South African author and a journalist

Liz McGregor is a South African author and a journalist who worked for leading South African newspapers such as the Sunday Times and the Rand Daily Mail. Some of the books written by McGregor include Load-shedding: Writing on and Over the Edge of South Africa and Khabzela: The Life and Times of a South African.

== Biography ==
McGregor was born in Cape Town. McGregor left South Africa in 1985, returning in 2002 to work on a story commissioned by New York Magazine.

== Work ==
McGregor profiled the life of South Africa's popular radio DJ, Fana Khaba, in Khabzela: The Life and Times of a South African (2005). The book was called a powerful and compassionate study by the Journal of Southern African Studies. In Who Killed the Rain Queen? (2007), McGregor investigates the death of a Limpopo rain queen at age 25.

McGregor's work, The Springbok Factory (2013), looks at the women in the lives of the Springbok Rugby players.

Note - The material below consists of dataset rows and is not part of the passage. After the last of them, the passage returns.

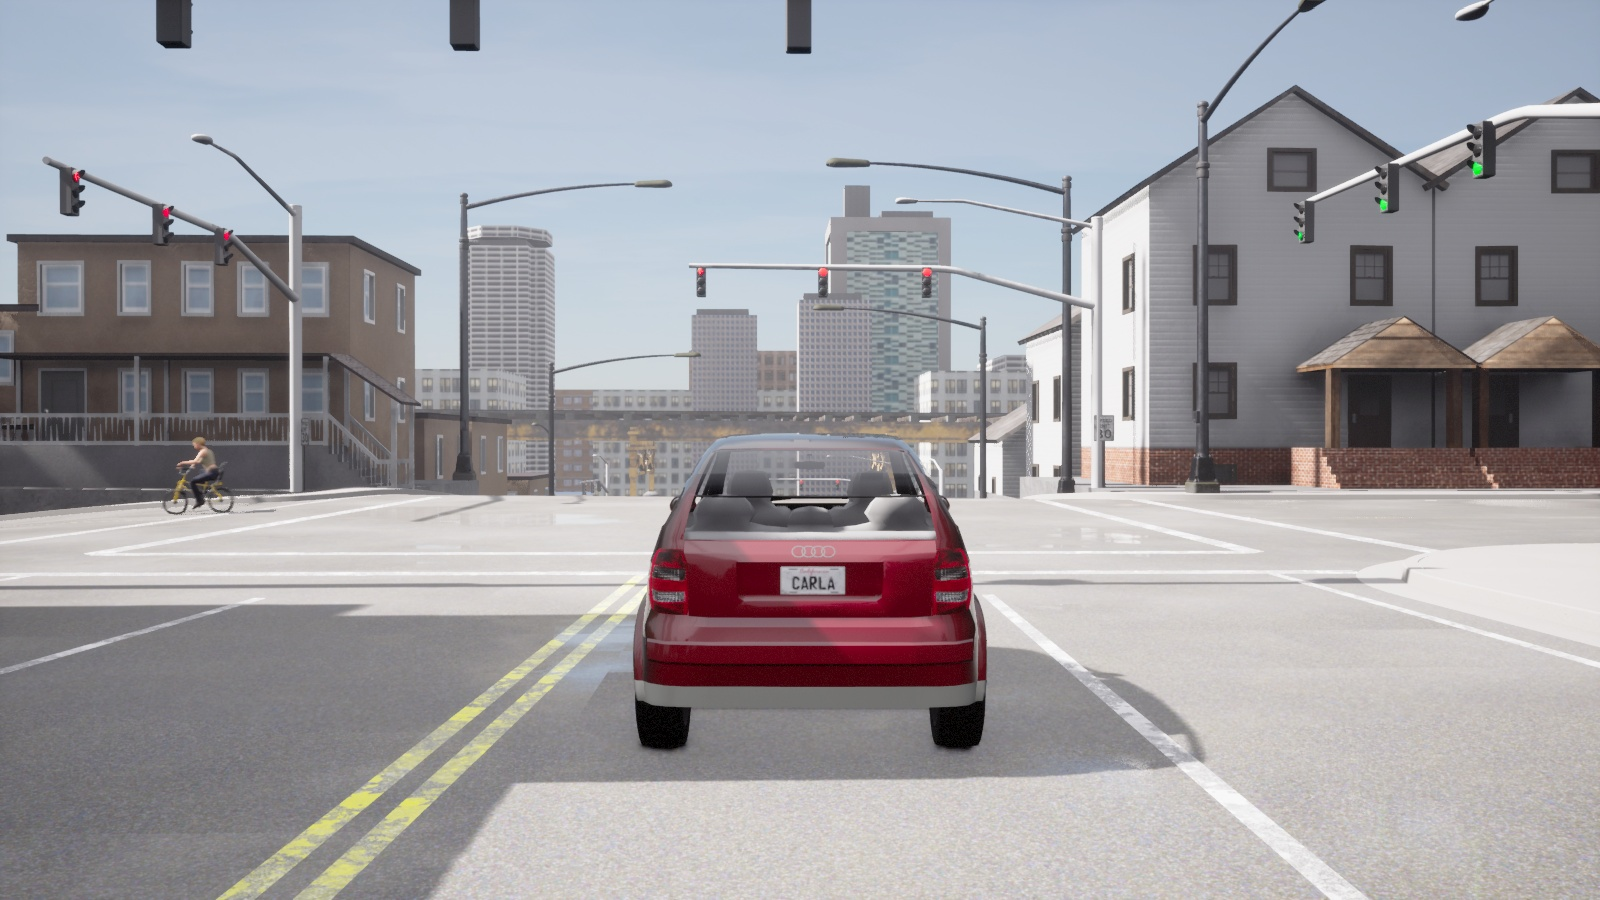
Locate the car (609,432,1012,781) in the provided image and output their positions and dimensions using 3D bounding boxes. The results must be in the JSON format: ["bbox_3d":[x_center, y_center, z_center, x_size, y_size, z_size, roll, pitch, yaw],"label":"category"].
[{"bbox_3d":[0.056,0.683,7.431,1.789,1.549,3.705,0,0,0],"label":"car"}]

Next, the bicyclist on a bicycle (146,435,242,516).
[{"bbox_3d":[-12.640,0.524,26.216,1.509,1.612,0.866,-2,0,0],"label":"bicyclist on a bicycle"}]
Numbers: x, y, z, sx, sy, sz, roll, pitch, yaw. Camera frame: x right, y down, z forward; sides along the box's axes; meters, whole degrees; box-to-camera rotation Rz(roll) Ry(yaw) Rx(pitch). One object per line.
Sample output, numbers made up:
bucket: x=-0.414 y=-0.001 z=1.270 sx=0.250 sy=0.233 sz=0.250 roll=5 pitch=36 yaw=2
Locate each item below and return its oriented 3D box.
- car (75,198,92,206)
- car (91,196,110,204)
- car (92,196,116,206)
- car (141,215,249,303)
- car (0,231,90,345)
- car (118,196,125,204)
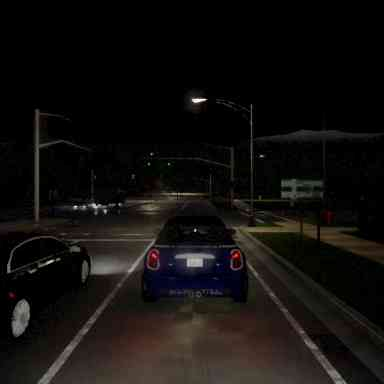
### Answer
car: x=-18.001 y=1.607 z=55.807 sx=1.895 sy=1.301 sz=4.718 roll=0 pitch=0 yaw=1
car: x=-17.800 y=1.498 z=64.888 sx=2.128 sy=1.511 sz=4.902 roll=0 pitch=0 yaw=1
car: x=-14.509 y=1.511 z=55.236 sx=1.837 sy=1.490 sz=4.892 roll=0 pitch=0 yaw=1
car: x=0.070 y=1.352 z=8.367 sx=2.097 sy=1.767 sz=4.553 roll=0 pitch=0 yaw=0
car: x=-3.440 y=1.507 z=6.348 sx=1.837 sy=1.490 sz=4.892 roll=0 pitch=0 yaw=0
car: x=-14.314 y=1.512 z=64.612 sx=1.837 sy=1.490 sz=4.892 roll=0 pitch=0 yaw=1
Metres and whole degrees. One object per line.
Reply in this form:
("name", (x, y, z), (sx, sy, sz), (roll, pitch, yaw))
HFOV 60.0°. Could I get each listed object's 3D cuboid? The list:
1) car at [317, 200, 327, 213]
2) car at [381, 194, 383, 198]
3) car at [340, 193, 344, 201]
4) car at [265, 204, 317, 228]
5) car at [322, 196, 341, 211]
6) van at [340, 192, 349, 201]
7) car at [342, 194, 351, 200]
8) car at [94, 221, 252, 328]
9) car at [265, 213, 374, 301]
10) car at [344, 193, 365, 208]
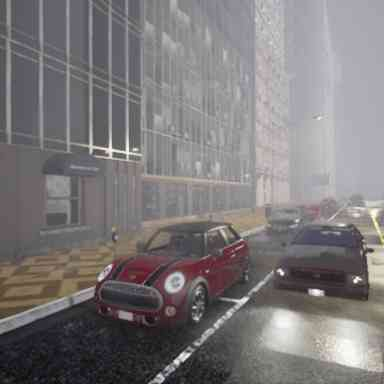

The book also examines the divide between black and white rugby players in South Africa. McGregor spent two years researching her book. The Cape Times called The Springbok Factory "a riveting study of the inner workings of South African rugby." This book made her a "household name" in South African rugby circles.

McGregor's film Old Ladies Against Underwater Garbage earned honorable mention at the 2026 5Point Adventure Film Festival. The film covers Susan Baur's group of community volunteers who clean Cape Cod ponds to preserve turtle habitats and improve their environment.